Üstelik bu çevreci ahlak da sınıfsal bir ayrıcalık. Organik ürün almak, karbon ayak izi hesaplamak, yerel üreticiden alış­veriş yapmak... Bunları kim yapabiliyor? Şehirli orta sınıf ve yukarısı. Düşük gelir­li kesim zaten az tüketiyor; çünkü mecbur. Ama sürdürülebilirlik söylemi, yine onları hedefe koyuyor: “Bilinsiz tüketici”, “eğitil­mesi gereken kitle.” Yani yoksulluğu sor­gulamak yerine, onu “farkındalık atölye­si”ne dönüştürüyoruz. İroni şu: UNESCO belgeleri “sistem düşüncesi”nden bahsedi­yor, ama sistemin kendisine dokunmuyor. “Eleştirel düşünme”yi övüyor, ama eleşti­riyi geri dönüşümün sınırlarına hapsedi­yor. Mesaj net: Düzeni sorgulama.

Sürdürülebilirliğin yeni putu: sorumlu tüketici

Gerçek sürdürülebilirlik, bireyin iyi niye­tine değil; ekonomik gücün yeniden dağıtıl­masına dayanır. Ama bu kelimeler –iktidar, yeniden dağıtım, sistem– ESD (Sürdürüle­bilir Kalkınma için Eğitim) sözlüğünde yok. Çünkü “davranış değişikliği” modeline sığ­maz. Davranışı değiştirirsin, düşünceyi de­ğil. Alışkanlığın yönünü çevirirsin, sistemin yönünü değil. Ve sistem tam da bunu ister: Sen tüketici olarak kal, ama “sorumlu” ol. Düzeni ayakta tut, ama “doğayı koru.” Hem pipetini değiştir hem de vicdanını rahatlat.

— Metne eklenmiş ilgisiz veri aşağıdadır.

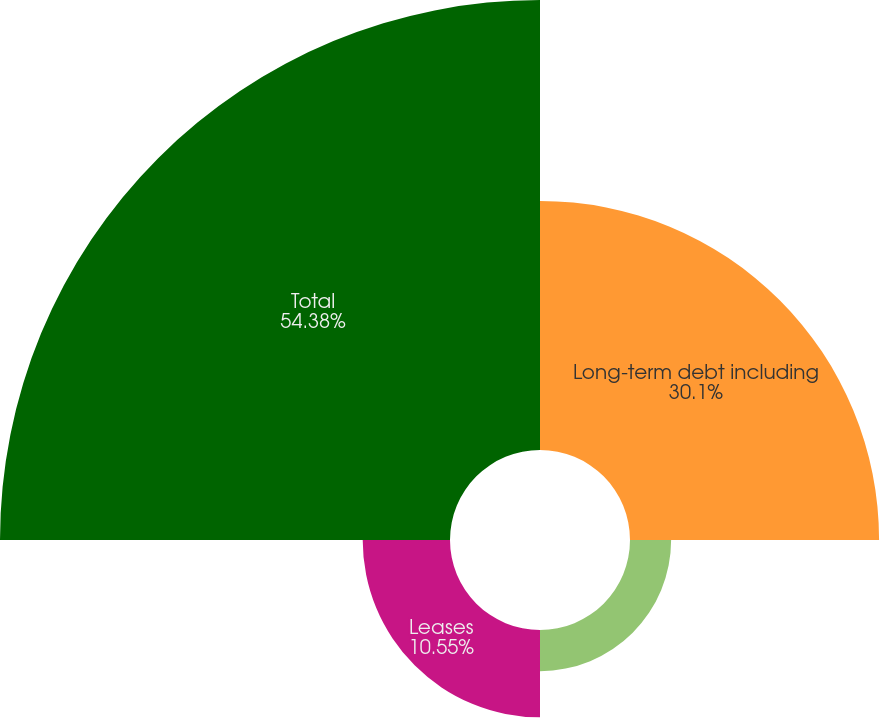Convert chart. <chart><loc_0><loc_0><loc_500><loc_500><pie_chart><fcel>Long-term debt including<fcel>Net cash interest payments on<fcel>Leases<fcel>Total<nl><fcel>30.1%<fcel>4.97%<fcel>10.55%<fcel>54.38%<nl></chart> 
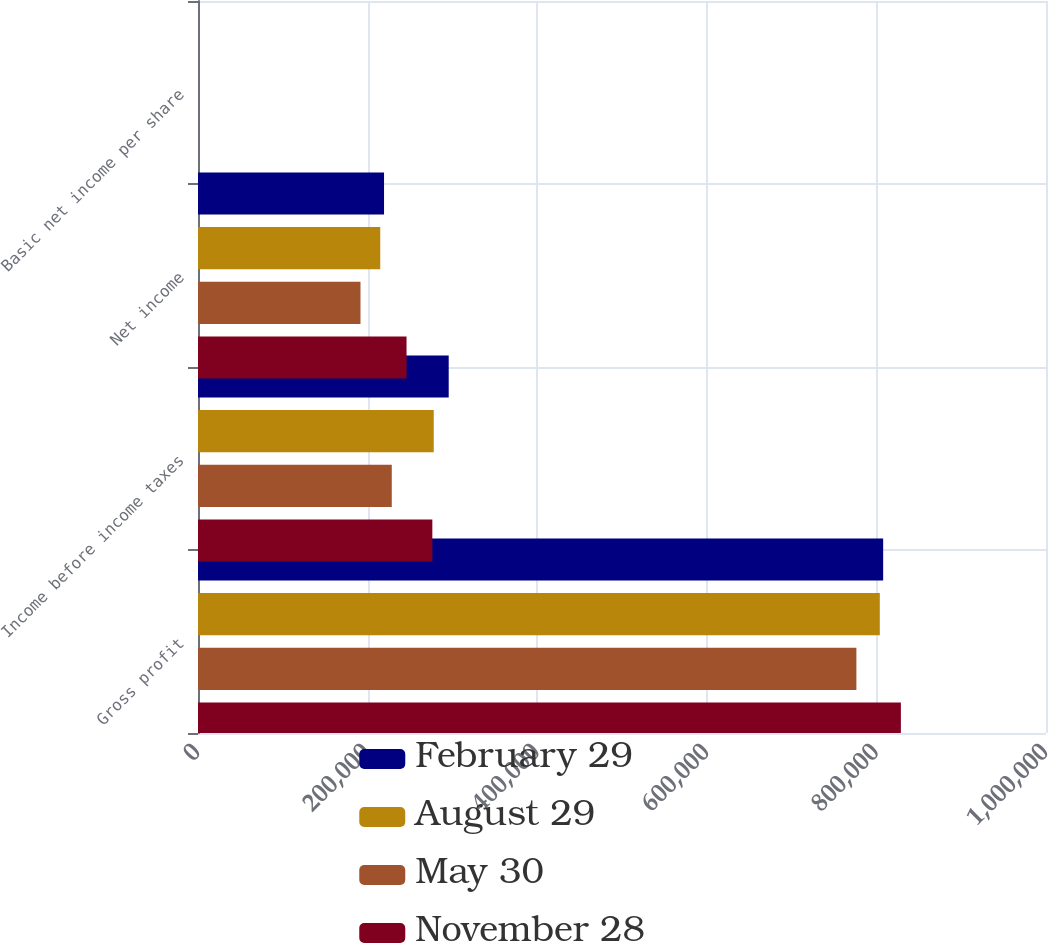Convert chart. <chart><loc_0><loc_0><loc_500><loc_500><stacked_bar_chart><ecel><fcel>Gross profit<fcel>Income before income taxes<fcel>Net income<fcel>Basic net income per share<nl><fcel>February 29<fcel>807970<fcel>295644<fcel>219379<fcel>0.39<nl><fcel>August 29<fcel>804020<fcel>278006<fcel>214910<fcel>0.4<nl><fcel>May 30<fcel>776406<fcel>228514<fcel>191608<fcel>0.36<nl><fcel>November 28<fcel>828863<fcel>276344<fcel>245917<fcel>0.47<nl></chart> 
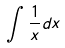<formula> <loc_0><loc_0><loc_500><loc_500>\int \frac { 1 } { x } d x</formula> 
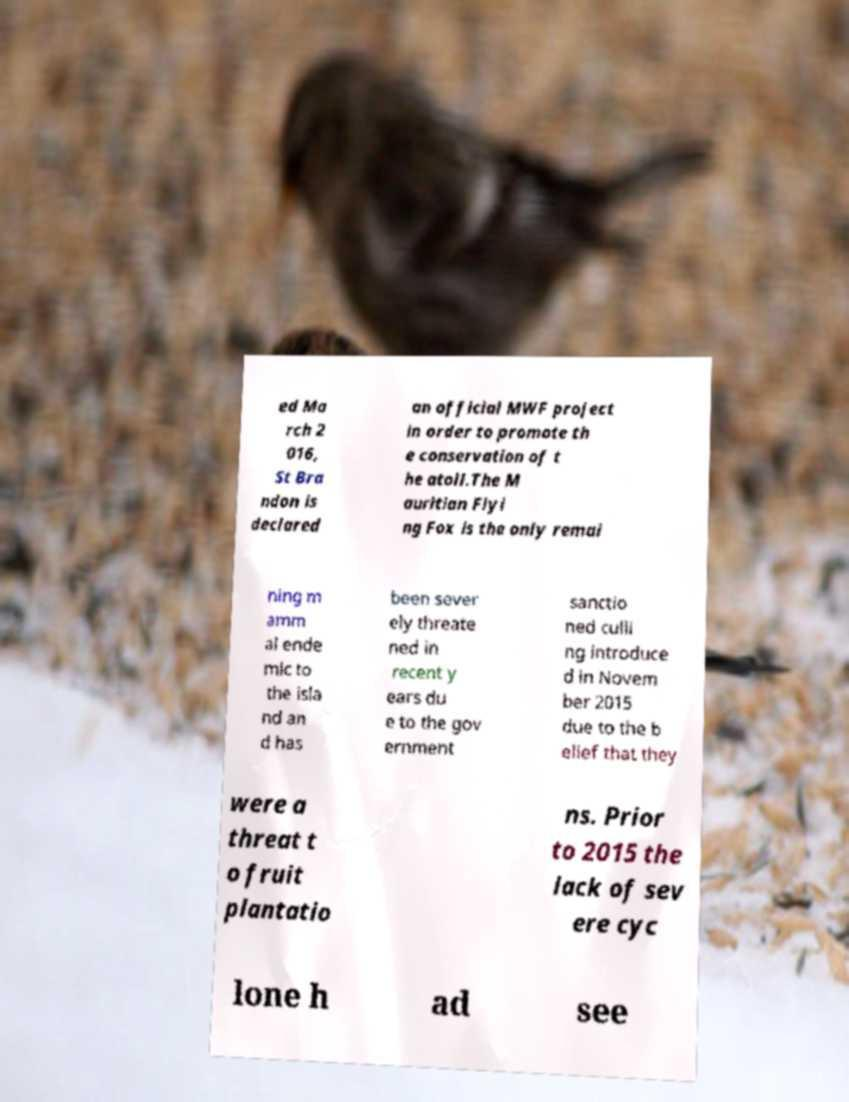Could you extract and type out the text from this image? ed Ma rch 2 016, St Bra ndon is declared an official MWF project in order to promote th e conservation of t he atoll.The M auritian Flyi ng Fox is the only remai ning m amm al ende mic to the isla nd an d has been sever ely threate ned in recent y ears du e to the gov ernment sanctio ned culli ng introduce d in Novem ber 2015 due to the b elief that they were a threat t o fruit plantatio ns. Prior to 2015 the lack of sev ere cyc lone h ad see

İşte sürdürülebilirliğin yeni putu bu: So­rumlu tüketici. Sorumlu ama etkisiz. Çün­kü en büyük çevre krizi, iklim değil; si­yasetsizleşme krizidir. Vatandaşı müş­teriye, politikayı tercihe, kolektif eylemi kişisel sorumluluğa dönüştüren bir çağda­yız. O yüzden çocuklara artık “daha az tü­ketmeyi” değil, “daha fazla sorgulamayı” öğretmenin zamanı geldi. Ne yediğini, ne giydiğini, ne harcadığını değil; kimin kazandı­ğını, kimin kaybettiğini sormalarının zamanı.